Richard_Ngo comments on Distinguishing claims about training vs deployment

Richard_Ngo 25 Feb 2021 17:09 UTC
LW: 4 AF: 2
0
AF
I think ‘robust instrumentality’ is basically correct for optimal actions, because there’s no question of ‘emergence’: optimal actions just are.
If I were to put my objection another way: I usually interpret “robust” to mean something like “stable under perturbations”. But the perturbation of “change the environment, and then see what the new optimal policy is” is a rather unnatural one to think about; most ML people would more naturally think about perturbing an agent’s inputs, or its state, and seeing whether it still behaved instrumentally.

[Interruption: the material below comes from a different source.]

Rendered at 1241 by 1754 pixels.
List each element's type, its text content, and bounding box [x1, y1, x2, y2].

A more accurate description might be something like “ubiquitous instrumentality”? But this isn’t a very aesthetically pleasing name.
- TurnTrout 25 Feb 2021 17:26 UTC
  LW: 4 AF: 3
  0
  AF Parent
  But the perturbation of “change the environment, and then see what the new optimal policy is” is a rather unnatural one to think about; most ML people would more naturally think about perturbing an agent’s inputs, or its state, and seeing whether it still behaved instrumentally.

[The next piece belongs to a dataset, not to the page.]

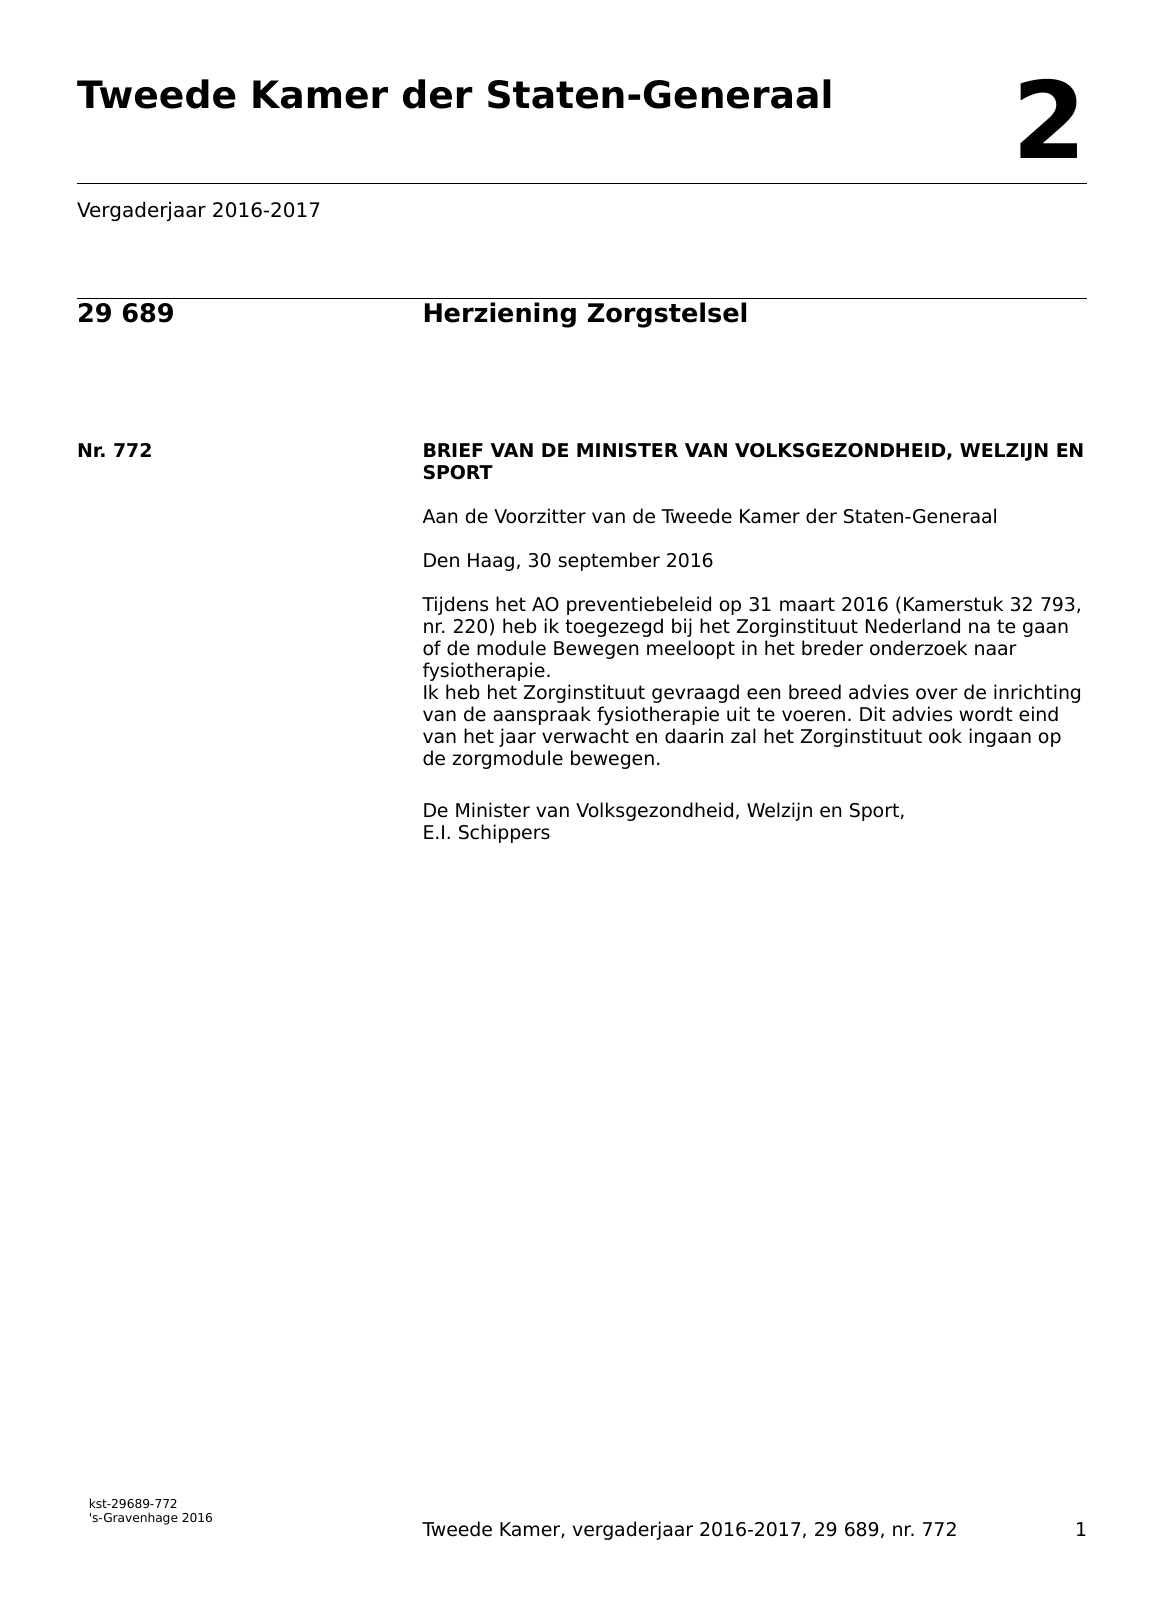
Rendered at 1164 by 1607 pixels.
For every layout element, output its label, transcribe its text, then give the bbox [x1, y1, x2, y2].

  Ah. To clarify, I was referring to holding an environment fixed, and then considering whether, at a given state, an action has a high probability of being optimal across reward functions. I think it makes to call those actions ‘robustly instrumental.’
- TurnTrout 25 Feb 2021 17:28 UTC
  LW: 2 AF: 2
  0
  AF Parent
  A more accurate description might be something like “ubiquitous instrumentality”? But this isn’t a very aesthetically pleasing name.
  I’d considered ‘attractive instrumentality’ a few days ago, to convey the idea that certain kinds of subgoals are attractor points during plan formulation, but the usual reading of ‘attractive’ isn’t ‘having attractor-like properties.’